Your assignment: Range to output from the entries below: the line containing "1) car [72,200,104,227]" through the line containing "For example (dummy". Set it down exactly, ends included, nothing else.
═══ Extracted material
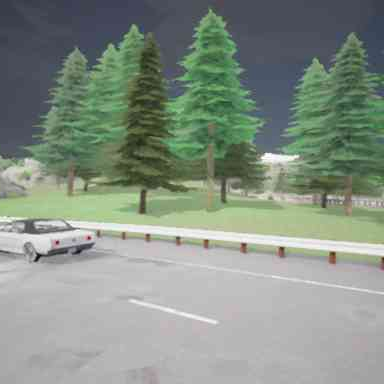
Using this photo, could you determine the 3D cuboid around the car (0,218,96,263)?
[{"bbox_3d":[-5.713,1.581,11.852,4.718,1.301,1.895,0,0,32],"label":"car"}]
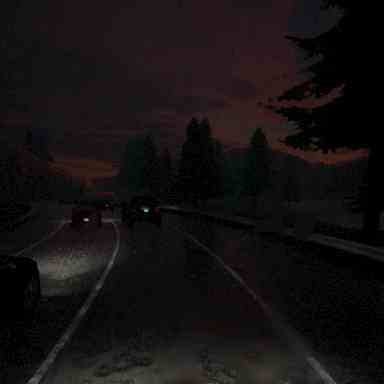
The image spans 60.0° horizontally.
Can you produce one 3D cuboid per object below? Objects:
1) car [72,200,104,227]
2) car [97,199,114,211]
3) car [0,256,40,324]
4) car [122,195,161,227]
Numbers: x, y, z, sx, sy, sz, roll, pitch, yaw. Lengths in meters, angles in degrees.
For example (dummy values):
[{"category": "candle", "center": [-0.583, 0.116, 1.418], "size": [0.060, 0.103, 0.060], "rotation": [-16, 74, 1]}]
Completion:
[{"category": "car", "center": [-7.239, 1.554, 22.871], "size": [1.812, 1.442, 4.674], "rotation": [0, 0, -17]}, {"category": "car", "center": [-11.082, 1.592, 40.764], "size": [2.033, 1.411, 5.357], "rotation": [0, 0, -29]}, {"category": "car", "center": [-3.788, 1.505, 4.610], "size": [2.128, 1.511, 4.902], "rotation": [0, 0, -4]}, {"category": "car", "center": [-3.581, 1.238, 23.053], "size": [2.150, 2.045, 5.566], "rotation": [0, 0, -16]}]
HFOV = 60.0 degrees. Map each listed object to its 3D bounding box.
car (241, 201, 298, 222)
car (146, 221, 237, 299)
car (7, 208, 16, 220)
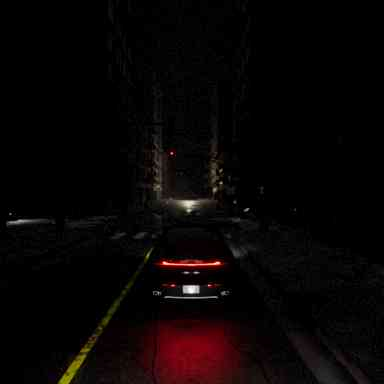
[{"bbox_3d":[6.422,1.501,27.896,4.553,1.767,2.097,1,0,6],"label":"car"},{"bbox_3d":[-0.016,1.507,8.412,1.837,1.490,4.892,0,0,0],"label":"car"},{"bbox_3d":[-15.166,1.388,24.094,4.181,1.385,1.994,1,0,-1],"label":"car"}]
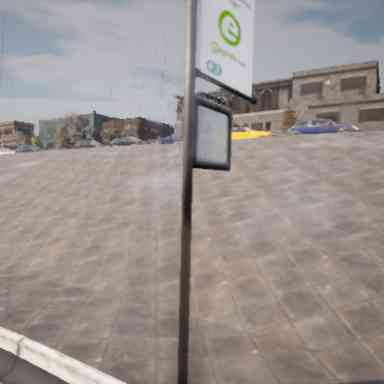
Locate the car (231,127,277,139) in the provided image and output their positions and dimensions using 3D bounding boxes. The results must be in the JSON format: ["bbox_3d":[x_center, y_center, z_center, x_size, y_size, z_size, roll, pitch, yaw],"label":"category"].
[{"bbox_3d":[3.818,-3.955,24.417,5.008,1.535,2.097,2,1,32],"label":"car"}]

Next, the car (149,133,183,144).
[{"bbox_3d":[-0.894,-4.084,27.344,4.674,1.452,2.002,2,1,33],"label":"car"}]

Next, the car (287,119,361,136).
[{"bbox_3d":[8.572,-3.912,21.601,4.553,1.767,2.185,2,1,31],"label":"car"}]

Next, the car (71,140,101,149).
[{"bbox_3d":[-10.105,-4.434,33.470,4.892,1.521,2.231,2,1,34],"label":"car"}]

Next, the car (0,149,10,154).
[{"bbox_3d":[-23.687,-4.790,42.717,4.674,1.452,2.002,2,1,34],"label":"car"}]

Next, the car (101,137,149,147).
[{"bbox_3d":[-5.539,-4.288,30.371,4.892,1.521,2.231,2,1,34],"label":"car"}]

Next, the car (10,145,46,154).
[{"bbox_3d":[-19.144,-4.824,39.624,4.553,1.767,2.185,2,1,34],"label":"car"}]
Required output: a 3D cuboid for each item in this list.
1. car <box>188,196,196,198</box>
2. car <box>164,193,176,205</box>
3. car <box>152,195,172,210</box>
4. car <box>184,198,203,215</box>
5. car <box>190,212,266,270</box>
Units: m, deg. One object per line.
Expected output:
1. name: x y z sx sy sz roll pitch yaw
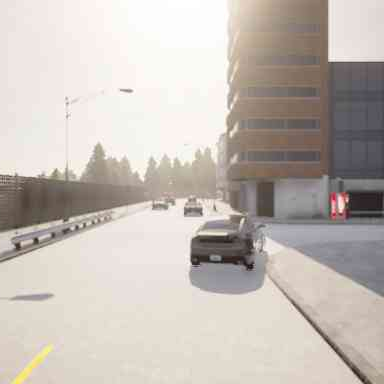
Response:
══════
═══ Extracted material
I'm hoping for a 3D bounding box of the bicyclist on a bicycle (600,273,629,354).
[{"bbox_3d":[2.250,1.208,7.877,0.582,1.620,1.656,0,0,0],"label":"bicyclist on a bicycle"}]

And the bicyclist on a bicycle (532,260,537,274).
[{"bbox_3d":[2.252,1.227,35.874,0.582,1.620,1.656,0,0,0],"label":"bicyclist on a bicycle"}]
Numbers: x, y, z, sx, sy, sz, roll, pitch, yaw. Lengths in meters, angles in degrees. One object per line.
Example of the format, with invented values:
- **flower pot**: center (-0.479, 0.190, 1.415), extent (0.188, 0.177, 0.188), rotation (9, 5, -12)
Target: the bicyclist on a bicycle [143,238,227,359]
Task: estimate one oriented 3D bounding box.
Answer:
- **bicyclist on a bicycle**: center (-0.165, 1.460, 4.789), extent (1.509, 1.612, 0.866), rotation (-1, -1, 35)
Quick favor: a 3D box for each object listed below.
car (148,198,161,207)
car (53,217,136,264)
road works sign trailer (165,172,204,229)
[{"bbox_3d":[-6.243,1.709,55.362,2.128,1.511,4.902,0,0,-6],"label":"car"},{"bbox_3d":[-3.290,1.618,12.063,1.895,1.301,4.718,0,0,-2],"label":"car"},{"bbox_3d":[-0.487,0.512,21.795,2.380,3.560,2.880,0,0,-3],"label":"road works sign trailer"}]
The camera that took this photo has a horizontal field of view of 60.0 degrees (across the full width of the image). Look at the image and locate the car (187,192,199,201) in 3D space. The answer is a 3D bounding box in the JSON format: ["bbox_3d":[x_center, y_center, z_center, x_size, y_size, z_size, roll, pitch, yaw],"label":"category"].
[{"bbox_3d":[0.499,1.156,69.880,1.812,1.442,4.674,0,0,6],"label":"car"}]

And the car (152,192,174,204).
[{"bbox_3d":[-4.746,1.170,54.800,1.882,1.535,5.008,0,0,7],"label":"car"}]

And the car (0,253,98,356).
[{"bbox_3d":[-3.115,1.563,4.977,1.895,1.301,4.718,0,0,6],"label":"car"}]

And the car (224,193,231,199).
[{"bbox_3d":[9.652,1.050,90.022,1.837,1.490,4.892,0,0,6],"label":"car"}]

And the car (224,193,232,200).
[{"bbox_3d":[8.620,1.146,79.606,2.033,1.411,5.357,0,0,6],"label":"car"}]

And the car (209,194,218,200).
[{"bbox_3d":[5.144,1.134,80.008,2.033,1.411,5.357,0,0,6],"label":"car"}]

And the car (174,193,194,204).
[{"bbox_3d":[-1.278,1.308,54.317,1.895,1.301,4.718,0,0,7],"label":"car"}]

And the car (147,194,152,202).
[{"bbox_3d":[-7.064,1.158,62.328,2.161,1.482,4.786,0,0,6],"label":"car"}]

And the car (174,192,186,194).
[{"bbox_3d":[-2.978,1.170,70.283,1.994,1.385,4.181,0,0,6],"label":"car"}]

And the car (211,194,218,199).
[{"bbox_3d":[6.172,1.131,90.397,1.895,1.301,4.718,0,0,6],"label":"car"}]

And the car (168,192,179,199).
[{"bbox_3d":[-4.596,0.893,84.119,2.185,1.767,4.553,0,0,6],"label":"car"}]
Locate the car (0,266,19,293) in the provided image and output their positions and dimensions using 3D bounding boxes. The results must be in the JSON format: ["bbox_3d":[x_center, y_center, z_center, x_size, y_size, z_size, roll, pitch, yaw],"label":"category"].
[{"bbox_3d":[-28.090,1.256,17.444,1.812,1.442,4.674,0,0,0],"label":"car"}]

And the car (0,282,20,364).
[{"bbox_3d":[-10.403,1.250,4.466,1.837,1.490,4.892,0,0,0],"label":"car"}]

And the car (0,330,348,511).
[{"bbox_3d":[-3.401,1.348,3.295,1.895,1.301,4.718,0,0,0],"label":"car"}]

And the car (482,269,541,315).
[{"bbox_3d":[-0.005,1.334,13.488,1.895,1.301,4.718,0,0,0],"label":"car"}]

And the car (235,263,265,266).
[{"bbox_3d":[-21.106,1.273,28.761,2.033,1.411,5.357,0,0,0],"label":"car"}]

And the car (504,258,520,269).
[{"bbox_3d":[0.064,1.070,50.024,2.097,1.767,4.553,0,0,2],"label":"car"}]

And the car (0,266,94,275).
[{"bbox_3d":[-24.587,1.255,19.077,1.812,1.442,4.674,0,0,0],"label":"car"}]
══════
Answer to this task:
1) car [72,200,104,227]
2) car [97,199,114,211]
3) car [0,256,40,324]
4) car [122,195,161,227]
Numbers: x, y, z, sx, sy, sz, roll, pitch, yaw. Lengths in meters, angles in degrees.
For example (dummy values):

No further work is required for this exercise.